* _RECORDS FOR THIS TASK_:

* * * * * * *

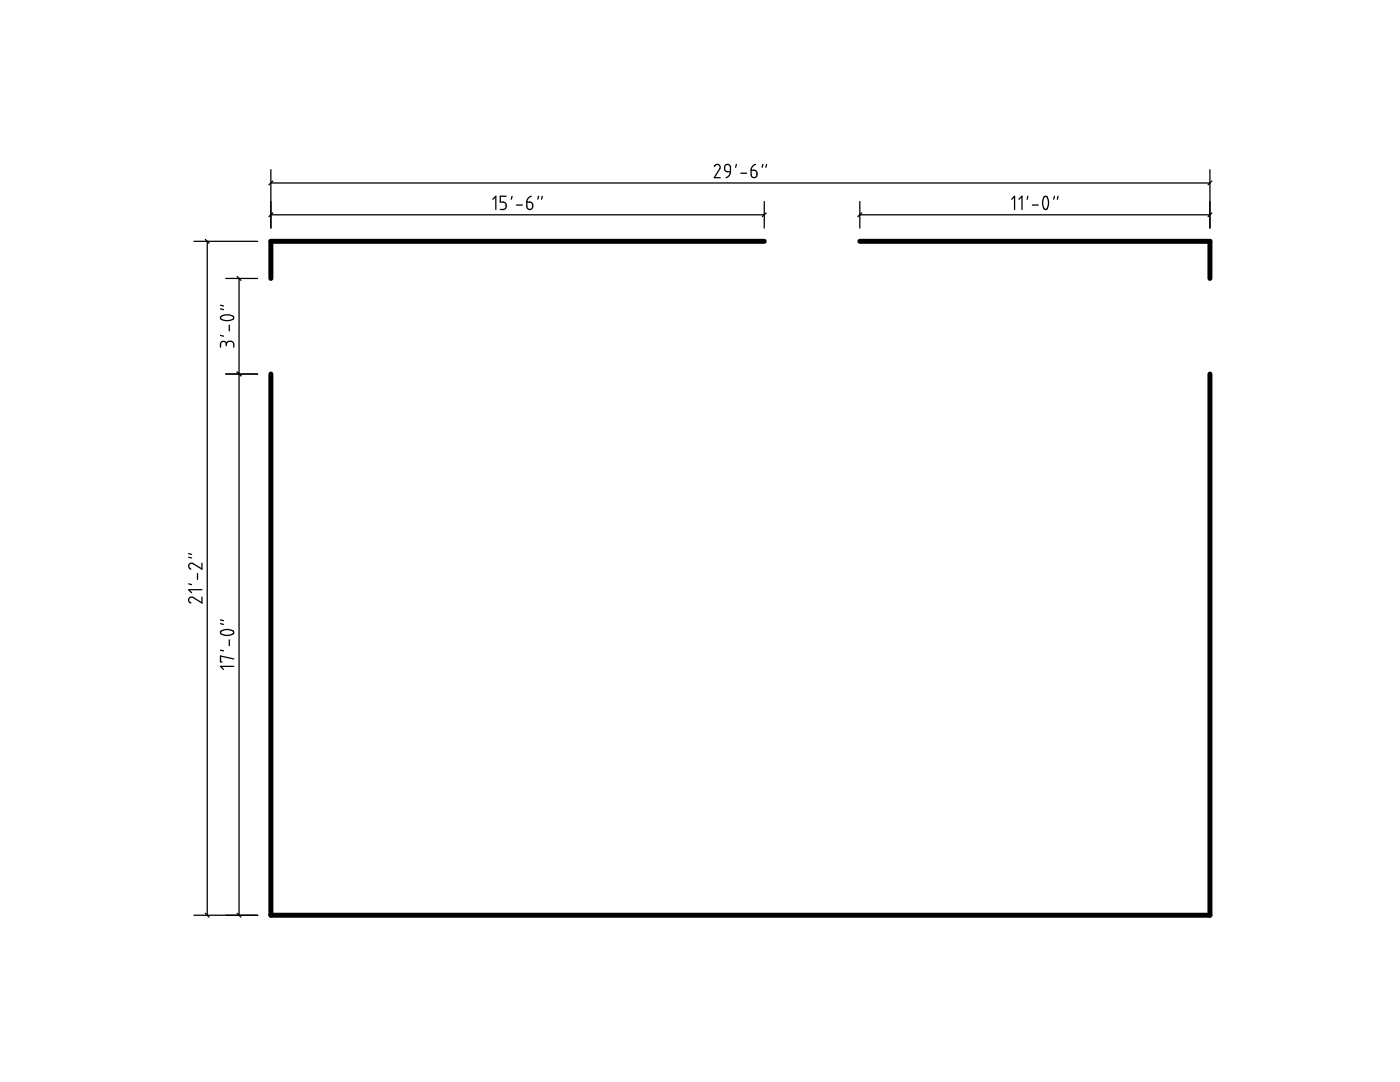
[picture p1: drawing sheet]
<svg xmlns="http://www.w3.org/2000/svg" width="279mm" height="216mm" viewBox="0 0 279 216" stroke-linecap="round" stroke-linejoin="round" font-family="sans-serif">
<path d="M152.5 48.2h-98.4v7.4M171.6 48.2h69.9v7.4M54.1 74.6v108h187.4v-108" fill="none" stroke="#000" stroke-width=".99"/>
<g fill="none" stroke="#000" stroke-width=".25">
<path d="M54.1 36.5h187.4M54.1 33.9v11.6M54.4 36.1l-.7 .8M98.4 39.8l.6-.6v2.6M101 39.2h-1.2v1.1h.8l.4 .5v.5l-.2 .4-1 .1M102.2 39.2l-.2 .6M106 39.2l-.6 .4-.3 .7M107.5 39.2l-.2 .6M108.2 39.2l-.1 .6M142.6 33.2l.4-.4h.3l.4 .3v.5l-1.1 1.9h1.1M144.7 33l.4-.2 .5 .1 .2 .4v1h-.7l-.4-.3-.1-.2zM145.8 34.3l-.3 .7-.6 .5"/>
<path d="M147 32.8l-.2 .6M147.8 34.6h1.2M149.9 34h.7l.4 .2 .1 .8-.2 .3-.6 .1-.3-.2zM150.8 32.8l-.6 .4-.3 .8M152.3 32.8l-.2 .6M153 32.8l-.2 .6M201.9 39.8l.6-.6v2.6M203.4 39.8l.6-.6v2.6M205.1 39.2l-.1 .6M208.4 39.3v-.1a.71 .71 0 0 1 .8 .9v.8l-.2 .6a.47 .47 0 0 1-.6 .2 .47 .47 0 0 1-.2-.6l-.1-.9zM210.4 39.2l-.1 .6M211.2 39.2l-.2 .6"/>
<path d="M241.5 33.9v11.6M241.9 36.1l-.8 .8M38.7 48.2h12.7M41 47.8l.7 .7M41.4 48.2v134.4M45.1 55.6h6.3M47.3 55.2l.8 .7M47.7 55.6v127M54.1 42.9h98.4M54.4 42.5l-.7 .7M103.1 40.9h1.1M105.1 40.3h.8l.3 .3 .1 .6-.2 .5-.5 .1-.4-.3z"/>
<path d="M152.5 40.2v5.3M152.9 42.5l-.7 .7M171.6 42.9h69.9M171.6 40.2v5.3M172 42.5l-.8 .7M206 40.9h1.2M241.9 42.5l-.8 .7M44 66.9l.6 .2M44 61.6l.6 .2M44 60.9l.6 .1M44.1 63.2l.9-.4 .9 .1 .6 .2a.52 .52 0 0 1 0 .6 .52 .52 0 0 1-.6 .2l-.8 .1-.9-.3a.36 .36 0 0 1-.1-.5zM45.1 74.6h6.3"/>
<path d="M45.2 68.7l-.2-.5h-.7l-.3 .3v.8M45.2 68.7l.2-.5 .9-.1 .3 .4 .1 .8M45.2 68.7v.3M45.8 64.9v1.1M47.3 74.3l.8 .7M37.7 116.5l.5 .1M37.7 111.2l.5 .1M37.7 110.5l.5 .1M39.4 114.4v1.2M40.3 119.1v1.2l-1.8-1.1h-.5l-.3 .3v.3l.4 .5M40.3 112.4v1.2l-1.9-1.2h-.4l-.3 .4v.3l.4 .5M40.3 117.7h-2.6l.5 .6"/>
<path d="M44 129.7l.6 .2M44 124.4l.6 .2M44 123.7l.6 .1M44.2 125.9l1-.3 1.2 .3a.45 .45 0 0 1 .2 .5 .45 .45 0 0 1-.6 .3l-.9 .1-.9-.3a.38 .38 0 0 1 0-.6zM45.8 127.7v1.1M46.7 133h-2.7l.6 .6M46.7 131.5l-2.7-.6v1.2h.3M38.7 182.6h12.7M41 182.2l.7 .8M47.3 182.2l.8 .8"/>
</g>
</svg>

* * * * * * *

* _TASK TO CARRY OUT_: Your task is to say how many lines in the entries above contain the word "fill". Please write only the number.

* _EXPECTED OUTPUT_: 2